The artificially illuminated photocatalytic reactors for cleaning the gas phase must contain a suitable foldable support structure with an innovative geometry to increase the reactive surface area. Extensive fluid dynamic modeling will contribute to this. The installation of a drying stage must be examined in order to reduce the water load. This will significantly increase the effectiveness of an additional ozonation unit as a “booster” for photocatalysis. In addition, materials for concentrating the VVOCs out of the gas stream are being investigated in order to increase the degradation efficiency at the catalyst and enable alternative utilization of the concentrated methane gas matrix.

In the second task, novel Titanium dioxide (TiO₂) photocatalysts are being developed for the water and gas phase. For the new development of photocatalytic surfaces for use in the water phase, these are applied to a carrier framework (stainless steel, carbon fiber), which is electrically conductive. The project will develop a suitable electrode material and characterize the electrochemical parameters so that electrolysis is excluded. This poses a particular challenge due to the varying properties (ionic strength, pH value) of the aqueous solution. The usefulness of this reactor modification is that the anodic switching of the photocatalyst in the aqueous phase can suppress calcification on the one hand and recombination of the electron-hole pairs on the other.

In addition, different methods for modifying the photocatalytic particles and surfaces are developed and compared both before and after coating. The coatability of the modified particles must then be investigated and the geometry and surface properties of the carrier materials adapted (e.g. using primers). The aim is to partially hydrophobize the superhydrophilic TiO₂ surface in the excited state so that the residence time of hydrophobic gas molecules (VVOC) on the catalyst is increased. In this way, even small non-polar molecules within the real matrix should be photocatalytically oxidizable.

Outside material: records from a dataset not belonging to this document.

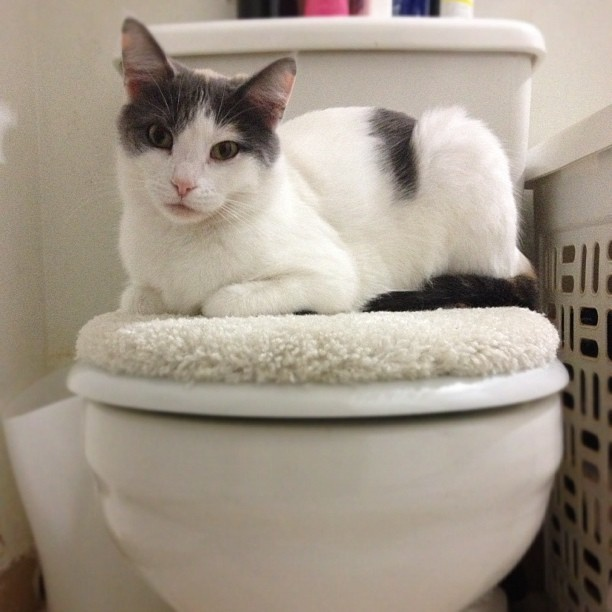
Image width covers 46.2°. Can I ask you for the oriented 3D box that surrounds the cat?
[{"bbox_3d":[0.030,-0.116,0.966,0.321,0.334,0.569,5,8,43],"label":"cat"}]
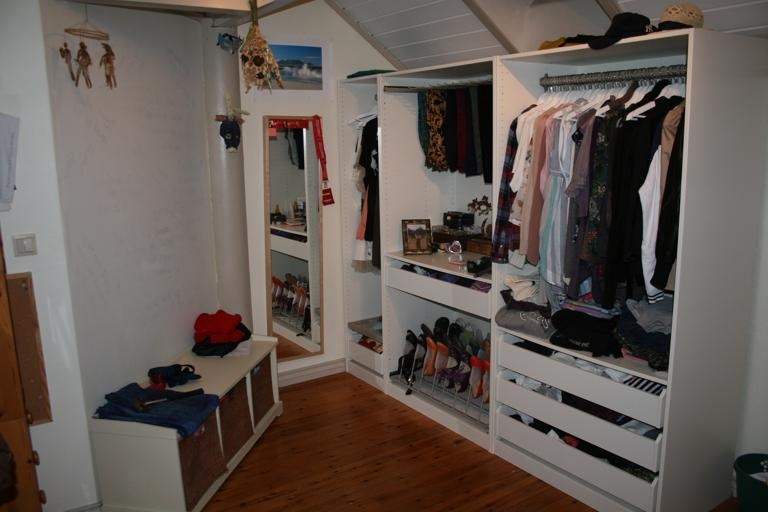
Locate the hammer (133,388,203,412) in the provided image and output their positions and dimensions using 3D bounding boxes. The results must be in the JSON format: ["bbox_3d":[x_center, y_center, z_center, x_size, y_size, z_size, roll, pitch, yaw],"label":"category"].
[{"bbox_3d":[-1.439,0.947,3.747,0.437,0.062,0.146,-4,10,-24],"label":"hammer"}]
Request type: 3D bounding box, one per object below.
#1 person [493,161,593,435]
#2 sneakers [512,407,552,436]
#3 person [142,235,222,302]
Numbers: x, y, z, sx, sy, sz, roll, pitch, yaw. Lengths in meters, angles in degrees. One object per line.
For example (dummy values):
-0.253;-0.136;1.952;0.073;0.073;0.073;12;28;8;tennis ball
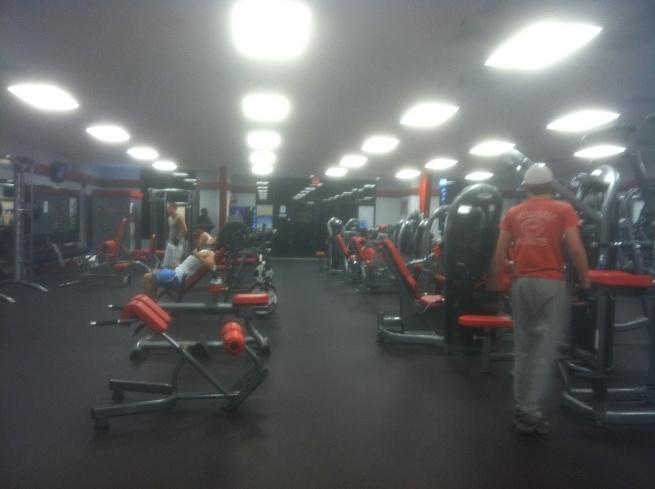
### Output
1.657;0.360;3.947;0.692;1.994;0.819;1;3;28;person
1.495;1.291;3.703;0.196;0.086;0.161;-3;-2;26;sneakers
-1.700;0.244;6.027;1.000;0.762;0.608;-5;9;-21;person
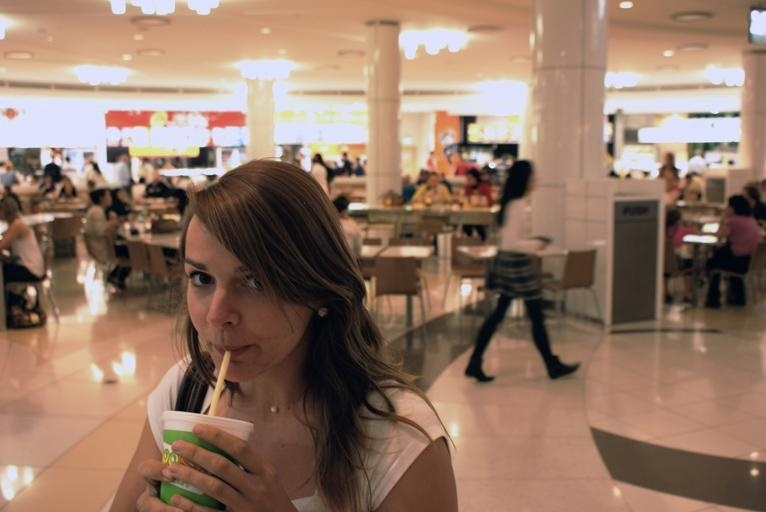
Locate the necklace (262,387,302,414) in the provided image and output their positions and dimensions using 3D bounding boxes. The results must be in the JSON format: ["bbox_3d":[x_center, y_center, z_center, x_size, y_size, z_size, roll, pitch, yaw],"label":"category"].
[{"bbox_3d":[-0.254,0.335,1.491,0.084,0.061,0.063,1,0,9],"label":"necklace"}]

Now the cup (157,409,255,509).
[{"bbox_3d":[-0.402,0.428,1.378,0.200,0.154,0.204,11,-19,4],"label":"cup"}]

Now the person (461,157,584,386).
[{"bbox_3d":[1.071,0.071,4.665,0.857,1.642,0.454,-5,10,-21],"label":"person"}]
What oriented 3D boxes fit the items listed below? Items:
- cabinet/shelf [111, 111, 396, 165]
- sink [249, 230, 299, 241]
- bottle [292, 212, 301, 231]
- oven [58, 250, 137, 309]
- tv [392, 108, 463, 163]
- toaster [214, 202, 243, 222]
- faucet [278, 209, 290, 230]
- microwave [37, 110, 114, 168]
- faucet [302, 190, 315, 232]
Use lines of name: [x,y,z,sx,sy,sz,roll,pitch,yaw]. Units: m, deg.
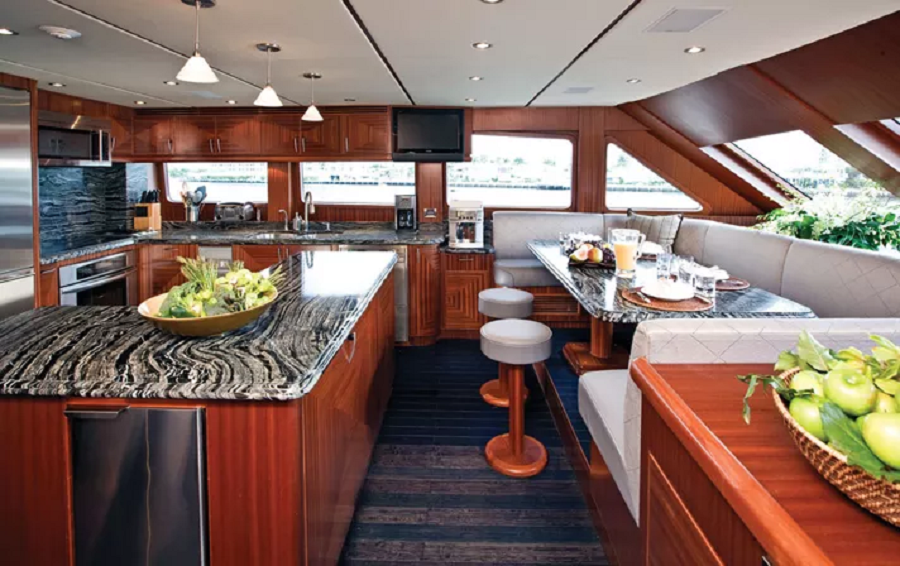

In this way, the project aims to reduce greenhouse gas emissions in two ways, as it is intended to prevent potent greenhouse gases such as methane from entering the atmosphere and at the same time minimize the use of adsorption filters and the associated CO₂ emissions if used appropriately. The project deliberately focuses on processes with low methane concentrations in complex exhaust gas matrices in order to close the existing technological gap. During the development of the process, the focus is on captured material flows.